While a bank would likely require stellar personal credit plus collateral, invoice financing or invoice factoring doesn’t have these qualifications, making it an easier option for businesses who get paid on net 30, 60, or 90 terms.

6. Other considerations for selecting a loan

Understanding how you’ll be expected to pay back each loan option is crucial because some repayment terms won’t be feasible for all small business owners. However, as you’re choosing the type of loan you want to apply for, there are a few other considerations to keep in mind as you do your research:

  • Interest rates. Loan rates vary by lender, even within the same category of loan and repayment terms. Lenders may assign different weights to your creditworthiness or financial statements, so it’s worth checking around to find the option that is best for you.
  • Repayment periods. Similarly, not all repayment periods are the same. For example, every type of loan that is paid back in fixed monthly payments will have a different lending period, depending on what you need it for, how large of a loan you get, and where you get it from.
  • The application process. While you may decide that you want a fixed monthly payment on a loan, if you need the cash quickly, you may be forced to consider some different options. This is because some loans, like SBA loans, often have more lengthy and rigorous loan applications and approval processes, and you may not qualify, or you may not get funding within a period that is reasonable for your business.
  • Eligibility requirements. As the old Rolling Stones song goes, “you can’t always get what you want.” Banks and online lenders aren’t in the business of giving money away for free, and so they have eligibility requirements that ensure that the people and businesses they lend to are likely to be able to pay them back. When considering a loan for your business needs, you’ll need to make sure you qualify first. You’ll need your credit score, credit history, tax returns, business plan, financial statements, and more depending on the type of loan you’re applying for.

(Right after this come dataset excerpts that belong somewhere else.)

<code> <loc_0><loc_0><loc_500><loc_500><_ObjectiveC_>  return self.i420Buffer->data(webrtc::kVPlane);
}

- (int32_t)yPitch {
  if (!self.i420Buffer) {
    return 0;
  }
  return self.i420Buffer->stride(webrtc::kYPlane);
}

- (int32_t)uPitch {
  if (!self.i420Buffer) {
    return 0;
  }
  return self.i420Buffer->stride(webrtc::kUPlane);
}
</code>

Take the time to research your options while considering these factors to make sure you pick the best loan for your small business and your personal financial situation. Every business and every lender is different, so make sure you do due diligence.

Wrapping Up

Whether you’re looking for the lowest monthly payment, a flexible repayment option, or the fastest repayment possible, there is an option out there for every type of business. Decide what level of financial risk you can take on, how quickly you need money, and how much you need before you make any financial decisions. As you begin researching, consider online lending options that can give you increased flexibility and access to instant financial information about your loan.